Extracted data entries
* * * *
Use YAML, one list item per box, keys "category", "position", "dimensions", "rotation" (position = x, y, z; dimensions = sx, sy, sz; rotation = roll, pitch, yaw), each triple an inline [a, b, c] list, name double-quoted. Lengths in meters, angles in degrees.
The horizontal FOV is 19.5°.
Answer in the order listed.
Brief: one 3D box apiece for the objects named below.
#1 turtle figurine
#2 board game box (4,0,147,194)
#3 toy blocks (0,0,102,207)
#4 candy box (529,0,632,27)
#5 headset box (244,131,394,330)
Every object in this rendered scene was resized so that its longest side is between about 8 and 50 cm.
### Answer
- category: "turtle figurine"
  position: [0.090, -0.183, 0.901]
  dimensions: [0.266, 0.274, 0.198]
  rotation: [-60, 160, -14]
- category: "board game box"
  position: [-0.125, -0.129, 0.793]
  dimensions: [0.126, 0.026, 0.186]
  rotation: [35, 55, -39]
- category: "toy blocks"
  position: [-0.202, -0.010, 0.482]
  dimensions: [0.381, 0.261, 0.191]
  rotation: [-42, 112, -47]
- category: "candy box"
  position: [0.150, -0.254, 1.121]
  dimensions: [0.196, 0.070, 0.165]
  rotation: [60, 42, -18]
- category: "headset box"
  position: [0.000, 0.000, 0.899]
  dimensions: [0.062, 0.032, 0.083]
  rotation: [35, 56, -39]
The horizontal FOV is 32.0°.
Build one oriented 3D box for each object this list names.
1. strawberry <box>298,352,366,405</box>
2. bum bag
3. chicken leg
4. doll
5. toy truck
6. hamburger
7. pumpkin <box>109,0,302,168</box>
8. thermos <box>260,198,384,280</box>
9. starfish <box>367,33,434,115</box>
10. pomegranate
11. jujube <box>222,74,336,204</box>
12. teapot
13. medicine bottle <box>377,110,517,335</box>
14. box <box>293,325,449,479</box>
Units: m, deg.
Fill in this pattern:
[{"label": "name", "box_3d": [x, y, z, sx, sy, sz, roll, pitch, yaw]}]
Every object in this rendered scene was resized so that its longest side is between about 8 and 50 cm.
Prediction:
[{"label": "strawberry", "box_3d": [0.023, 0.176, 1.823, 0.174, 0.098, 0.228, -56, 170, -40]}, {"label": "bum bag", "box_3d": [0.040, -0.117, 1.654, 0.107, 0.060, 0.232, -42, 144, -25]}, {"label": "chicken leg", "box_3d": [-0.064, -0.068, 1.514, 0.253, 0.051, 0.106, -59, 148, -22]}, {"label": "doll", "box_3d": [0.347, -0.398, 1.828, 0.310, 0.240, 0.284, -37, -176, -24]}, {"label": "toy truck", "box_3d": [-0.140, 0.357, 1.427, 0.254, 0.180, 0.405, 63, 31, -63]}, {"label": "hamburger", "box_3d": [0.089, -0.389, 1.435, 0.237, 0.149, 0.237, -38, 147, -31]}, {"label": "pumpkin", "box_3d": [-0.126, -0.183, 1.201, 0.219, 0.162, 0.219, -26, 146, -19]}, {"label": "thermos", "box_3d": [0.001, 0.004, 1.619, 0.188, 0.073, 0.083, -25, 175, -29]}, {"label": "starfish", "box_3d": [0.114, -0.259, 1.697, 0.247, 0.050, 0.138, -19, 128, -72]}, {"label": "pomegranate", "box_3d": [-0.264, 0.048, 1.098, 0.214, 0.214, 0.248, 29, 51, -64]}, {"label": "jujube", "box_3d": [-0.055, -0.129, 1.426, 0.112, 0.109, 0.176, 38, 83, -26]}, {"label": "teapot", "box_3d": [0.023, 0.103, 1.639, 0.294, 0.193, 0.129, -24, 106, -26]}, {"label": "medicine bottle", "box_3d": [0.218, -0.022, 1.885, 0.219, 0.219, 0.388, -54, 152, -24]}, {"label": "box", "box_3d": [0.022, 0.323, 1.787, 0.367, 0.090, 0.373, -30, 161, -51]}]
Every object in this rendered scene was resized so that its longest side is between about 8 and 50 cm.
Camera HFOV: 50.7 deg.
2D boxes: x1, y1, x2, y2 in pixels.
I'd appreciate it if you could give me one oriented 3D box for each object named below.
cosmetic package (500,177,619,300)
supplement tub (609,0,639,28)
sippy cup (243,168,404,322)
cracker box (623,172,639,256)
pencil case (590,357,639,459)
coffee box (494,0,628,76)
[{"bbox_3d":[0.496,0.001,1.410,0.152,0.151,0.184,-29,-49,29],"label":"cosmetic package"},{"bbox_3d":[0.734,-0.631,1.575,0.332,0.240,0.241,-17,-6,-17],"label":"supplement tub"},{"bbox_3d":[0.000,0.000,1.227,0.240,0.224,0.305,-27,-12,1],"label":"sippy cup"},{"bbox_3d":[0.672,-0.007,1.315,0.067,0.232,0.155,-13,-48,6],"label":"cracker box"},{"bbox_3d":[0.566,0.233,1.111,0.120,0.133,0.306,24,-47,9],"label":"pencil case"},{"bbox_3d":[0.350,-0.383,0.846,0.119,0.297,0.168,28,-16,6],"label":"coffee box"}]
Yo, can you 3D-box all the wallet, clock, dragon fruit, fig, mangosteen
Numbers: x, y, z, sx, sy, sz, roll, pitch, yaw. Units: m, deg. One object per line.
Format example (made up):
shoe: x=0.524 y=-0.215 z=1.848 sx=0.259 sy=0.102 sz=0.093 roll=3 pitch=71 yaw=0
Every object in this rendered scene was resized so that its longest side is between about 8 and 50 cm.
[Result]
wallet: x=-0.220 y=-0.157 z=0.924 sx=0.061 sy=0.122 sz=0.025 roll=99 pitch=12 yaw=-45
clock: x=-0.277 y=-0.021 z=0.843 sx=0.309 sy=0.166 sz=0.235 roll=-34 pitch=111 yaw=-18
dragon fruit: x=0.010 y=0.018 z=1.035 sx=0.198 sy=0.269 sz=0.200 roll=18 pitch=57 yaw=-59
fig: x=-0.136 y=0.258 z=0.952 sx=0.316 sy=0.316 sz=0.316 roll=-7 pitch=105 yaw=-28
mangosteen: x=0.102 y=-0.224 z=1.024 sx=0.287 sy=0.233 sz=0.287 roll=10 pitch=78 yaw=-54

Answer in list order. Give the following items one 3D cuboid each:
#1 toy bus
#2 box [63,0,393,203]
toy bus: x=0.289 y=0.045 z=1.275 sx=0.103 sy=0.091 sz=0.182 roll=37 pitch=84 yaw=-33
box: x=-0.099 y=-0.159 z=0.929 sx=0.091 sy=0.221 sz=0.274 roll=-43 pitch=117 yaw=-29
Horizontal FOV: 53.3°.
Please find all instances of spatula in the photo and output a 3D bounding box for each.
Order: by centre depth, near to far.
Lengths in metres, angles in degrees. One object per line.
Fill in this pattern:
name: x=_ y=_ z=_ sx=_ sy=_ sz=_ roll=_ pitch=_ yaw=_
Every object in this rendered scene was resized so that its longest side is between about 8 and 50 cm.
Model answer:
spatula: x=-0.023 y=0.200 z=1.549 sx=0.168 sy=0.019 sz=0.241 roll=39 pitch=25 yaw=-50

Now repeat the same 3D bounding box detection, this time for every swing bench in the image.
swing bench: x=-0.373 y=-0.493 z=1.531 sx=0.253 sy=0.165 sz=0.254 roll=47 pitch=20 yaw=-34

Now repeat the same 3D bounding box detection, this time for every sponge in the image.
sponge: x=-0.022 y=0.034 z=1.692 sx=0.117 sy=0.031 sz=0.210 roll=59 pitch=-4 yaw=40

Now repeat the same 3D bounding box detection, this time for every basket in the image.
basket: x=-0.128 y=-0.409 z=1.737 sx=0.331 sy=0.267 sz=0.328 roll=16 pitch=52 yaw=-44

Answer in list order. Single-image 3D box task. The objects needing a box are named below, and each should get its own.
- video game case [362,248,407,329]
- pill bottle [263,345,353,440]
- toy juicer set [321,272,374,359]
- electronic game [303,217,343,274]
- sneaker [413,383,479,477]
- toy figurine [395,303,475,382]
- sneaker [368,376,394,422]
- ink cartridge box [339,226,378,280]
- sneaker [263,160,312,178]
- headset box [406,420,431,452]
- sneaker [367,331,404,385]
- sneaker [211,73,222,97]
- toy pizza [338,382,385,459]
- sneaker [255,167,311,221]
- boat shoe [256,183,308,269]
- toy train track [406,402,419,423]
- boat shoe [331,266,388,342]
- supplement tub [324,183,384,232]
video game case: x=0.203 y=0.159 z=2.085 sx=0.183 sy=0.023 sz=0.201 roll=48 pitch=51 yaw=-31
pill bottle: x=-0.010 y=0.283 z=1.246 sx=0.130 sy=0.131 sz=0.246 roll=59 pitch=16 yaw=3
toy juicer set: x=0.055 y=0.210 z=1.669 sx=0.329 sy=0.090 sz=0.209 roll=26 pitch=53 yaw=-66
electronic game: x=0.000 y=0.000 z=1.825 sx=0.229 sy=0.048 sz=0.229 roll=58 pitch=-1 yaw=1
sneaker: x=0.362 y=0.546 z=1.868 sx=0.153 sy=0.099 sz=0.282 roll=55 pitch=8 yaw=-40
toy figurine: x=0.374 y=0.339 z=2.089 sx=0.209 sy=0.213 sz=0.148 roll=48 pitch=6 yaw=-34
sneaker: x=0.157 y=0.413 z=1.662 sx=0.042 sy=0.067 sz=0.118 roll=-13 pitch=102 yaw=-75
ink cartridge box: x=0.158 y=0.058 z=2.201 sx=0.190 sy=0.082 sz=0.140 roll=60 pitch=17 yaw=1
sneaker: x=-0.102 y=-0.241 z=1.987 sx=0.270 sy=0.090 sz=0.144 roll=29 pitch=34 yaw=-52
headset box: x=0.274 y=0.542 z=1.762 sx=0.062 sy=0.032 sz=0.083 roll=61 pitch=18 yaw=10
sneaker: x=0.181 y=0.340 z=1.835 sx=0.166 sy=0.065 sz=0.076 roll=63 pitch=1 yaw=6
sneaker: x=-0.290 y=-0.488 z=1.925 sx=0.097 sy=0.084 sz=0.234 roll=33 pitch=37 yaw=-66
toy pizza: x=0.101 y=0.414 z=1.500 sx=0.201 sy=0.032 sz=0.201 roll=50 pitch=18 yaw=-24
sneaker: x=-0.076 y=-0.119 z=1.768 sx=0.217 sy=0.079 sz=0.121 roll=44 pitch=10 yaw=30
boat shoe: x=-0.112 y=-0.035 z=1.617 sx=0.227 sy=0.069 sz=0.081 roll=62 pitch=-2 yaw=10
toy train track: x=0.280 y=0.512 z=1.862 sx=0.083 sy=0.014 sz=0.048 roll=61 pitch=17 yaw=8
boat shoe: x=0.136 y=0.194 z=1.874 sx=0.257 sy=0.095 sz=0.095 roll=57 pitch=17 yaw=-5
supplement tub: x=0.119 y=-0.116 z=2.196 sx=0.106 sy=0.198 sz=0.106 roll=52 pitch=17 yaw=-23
* * * *
ACTIVITY:
From the records above, work out how many lines contain the string "angles". Give only the number.

EXERCISE SOLUTION:
2